How-To: Restore Your Yard after a Mild Winter
With a relatively small amount of snow accumulation around the country, the winter of 2012 stood in sharp contrast to the record-breaking winter of 2011. Without this snow cover or “white fertilizer” to act as insulation, lawns were left exposed to strong winter winds resulting in desiccation, or extreme drying. Add to this a spring with unusually mild temperatures arriving ahead of schedule and it means that homeowners could face a unique set of challenges this spring.
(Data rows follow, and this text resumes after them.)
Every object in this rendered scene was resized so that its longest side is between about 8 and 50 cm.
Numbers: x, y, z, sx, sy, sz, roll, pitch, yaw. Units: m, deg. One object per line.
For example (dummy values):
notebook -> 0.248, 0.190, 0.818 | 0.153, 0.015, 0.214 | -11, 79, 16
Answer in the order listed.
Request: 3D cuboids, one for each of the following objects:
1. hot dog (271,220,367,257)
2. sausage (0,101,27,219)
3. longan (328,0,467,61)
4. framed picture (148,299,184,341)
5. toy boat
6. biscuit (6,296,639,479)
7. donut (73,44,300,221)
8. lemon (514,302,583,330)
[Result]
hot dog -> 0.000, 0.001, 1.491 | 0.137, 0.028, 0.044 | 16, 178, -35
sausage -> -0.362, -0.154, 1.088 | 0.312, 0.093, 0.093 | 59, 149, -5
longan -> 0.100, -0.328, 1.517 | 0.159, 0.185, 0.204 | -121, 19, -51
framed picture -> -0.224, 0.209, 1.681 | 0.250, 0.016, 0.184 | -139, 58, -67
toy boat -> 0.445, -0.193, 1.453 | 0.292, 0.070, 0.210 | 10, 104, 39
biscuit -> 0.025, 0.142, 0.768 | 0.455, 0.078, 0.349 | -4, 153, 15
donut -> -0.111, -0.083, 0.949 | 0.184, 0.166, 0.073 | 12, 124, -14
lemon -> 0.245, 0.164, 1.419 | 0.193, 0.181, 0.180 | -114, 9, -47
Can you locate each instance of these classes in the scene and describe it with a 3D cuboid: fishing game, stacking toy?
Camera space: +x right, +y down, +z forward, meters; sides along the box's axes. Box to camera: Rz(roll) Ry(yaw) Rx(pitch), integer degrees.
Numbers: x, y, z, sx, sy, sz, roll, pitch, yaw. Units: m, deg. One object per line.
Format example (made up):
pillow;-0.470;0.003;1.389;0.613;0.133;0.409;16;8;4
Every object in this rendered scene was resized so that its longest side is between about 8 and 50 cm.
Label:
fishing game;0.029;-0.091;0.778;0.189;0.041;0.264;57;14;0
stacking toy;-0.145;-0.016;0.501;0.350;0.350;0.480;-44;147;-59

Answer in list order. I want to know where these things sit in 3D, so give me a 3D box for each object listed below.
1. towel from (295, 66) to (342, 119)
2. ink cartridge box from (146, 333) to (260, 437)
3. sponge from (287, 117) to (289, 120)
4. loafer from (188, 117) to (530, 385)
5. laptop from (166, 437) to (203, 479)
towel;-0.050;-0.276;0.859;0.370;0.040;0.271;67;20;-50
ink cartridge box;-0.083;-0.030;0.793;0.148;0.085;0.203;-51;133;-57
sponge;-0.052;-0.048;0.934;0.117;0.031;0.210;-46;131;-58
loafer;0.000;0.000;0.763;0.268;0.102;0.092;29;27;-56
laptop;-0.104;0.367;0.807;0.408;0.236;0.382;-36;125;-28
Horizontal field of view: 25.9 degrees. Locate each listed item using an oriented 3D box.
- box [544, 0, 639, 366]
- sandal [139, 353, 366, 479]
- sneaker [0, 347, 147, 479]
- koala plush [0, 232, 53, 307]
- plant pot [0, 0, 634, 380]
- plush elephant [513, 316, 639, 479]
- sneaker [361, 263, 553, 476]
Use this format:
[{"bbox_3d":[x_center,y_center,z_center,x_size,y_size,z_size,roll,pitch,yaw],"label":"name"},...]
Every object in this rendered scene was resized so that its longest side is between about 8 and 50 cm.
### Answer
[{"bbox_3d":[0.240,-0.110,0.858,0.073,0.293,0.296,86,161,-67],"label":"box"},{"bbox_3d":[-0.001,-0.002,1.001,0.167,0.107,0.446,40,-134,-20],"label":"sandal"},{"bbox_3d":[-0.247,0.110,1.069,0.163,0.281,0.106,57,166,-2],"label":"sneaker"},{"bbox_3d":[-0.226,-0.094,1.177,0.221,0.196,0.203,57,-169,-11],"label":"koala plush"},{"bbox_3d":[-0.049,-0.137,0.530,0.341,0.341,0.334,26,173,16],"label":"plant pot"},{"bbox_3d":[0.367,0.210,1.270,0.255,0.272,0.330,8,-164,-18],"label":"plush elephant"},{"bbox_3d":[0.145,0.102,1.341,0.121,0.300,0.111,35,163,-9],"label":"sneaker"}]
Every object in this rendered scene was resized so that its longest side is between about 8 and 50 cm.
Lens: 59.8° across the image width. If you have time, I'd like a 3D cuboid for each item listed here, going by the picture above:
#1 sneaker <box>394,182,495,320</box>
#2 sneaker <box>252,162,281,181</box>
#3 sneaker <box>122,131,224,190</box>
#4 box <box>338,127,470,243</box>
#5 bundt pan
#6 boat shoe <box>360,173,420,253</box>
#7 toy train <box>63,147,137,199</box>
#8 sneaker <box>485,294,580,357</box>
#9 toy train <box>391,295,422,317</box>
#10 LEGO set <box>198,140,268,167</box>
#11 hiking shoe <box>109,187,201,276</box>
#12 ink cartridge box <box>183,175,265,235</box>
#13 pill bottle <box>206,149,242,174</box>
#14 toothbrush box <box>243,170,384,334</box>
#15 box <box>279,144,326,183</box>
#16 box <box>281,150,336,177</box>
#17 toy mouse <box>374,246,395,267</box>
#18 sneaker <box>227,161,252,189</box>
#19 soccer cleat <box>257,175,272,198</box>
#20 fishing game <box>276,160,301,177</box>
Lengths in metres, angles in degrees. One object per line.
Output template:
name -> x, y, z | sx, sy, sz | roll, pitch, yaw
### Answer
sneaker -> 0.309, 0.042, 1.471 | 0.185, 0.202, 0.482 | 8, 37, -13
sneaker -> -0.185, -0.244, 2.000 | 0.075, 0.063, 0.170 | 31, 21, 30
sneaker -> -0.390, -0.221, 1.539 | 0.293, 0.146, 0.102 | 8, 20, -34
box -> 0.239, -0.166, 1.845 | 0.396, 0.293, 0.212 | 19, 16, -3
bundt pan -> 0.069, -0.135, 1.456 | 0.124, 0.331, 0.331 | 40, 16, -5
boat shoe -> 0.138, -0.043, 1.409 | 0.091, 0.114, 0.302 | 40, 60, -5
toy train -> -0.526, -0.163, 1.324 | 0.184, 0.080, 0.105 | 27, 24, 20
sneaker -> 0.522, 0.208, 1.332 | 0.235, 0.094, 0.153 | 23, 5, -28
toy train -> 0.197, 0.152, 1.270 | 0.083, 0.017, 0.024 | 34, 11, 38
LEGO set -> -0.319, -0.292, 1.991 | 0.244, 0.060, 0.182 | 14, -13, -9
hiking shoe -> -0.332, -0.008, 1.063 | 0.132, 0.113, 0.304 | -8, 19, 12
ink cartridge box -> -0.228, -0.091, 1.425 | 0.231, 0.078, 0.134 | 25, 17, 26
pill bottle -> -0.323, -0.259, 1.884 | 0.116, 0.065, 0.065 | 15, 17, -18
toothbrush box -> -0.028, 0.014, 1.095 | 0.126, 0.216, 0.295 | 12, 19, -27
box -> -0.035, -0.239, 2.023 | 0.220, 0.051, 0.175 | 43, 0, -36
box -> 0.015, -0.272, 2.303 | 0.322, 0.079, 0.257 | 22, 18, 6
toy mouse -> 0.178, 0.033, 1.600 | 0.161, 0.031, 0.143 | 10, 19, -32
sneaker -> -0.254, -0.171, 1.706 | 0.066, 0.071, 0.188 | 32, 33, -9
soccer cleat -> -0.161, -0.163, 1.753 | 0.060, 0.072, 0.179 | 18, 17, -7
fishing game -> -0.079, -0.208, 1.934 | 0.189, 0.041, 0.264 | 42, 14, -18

The following tips, compiled by SavATree, can homeowners counteract some of the common issues that come with an “open winter” and recover a lush, green landscape this spring:
Turn On the Water – Returning moisture to the crowns of your grass is essential. As soon as possible, begin watering your lawn to restore nutrients and combat the damage done by high winds. Irrigate long and infrequently rather than daily for short intervals. It is best to water each zone for 30+ minutes every other day than watering 15 minutes each day. By longer, infrequent watering the moisture will actually penetrate deeper into the ground resulting in the roots going down deeper for the water; a benefit now and during the stresses of summer heat.
Mow Early and Often - When it comes to mowing, it’s better to be too early than too late. As grass grows and pushes last year’s desiccated tissue to the top, sharp blades will take it off cleanly and make room for new, healthy grass. Mow often as grass grows quickly in the spring, but try to set your blades at 3″ or higher so as not to remove more than 1/3 of leaf blade. Leaving clippings on your lawn, rather than bagging, will help speed the return of nutrients to the soil.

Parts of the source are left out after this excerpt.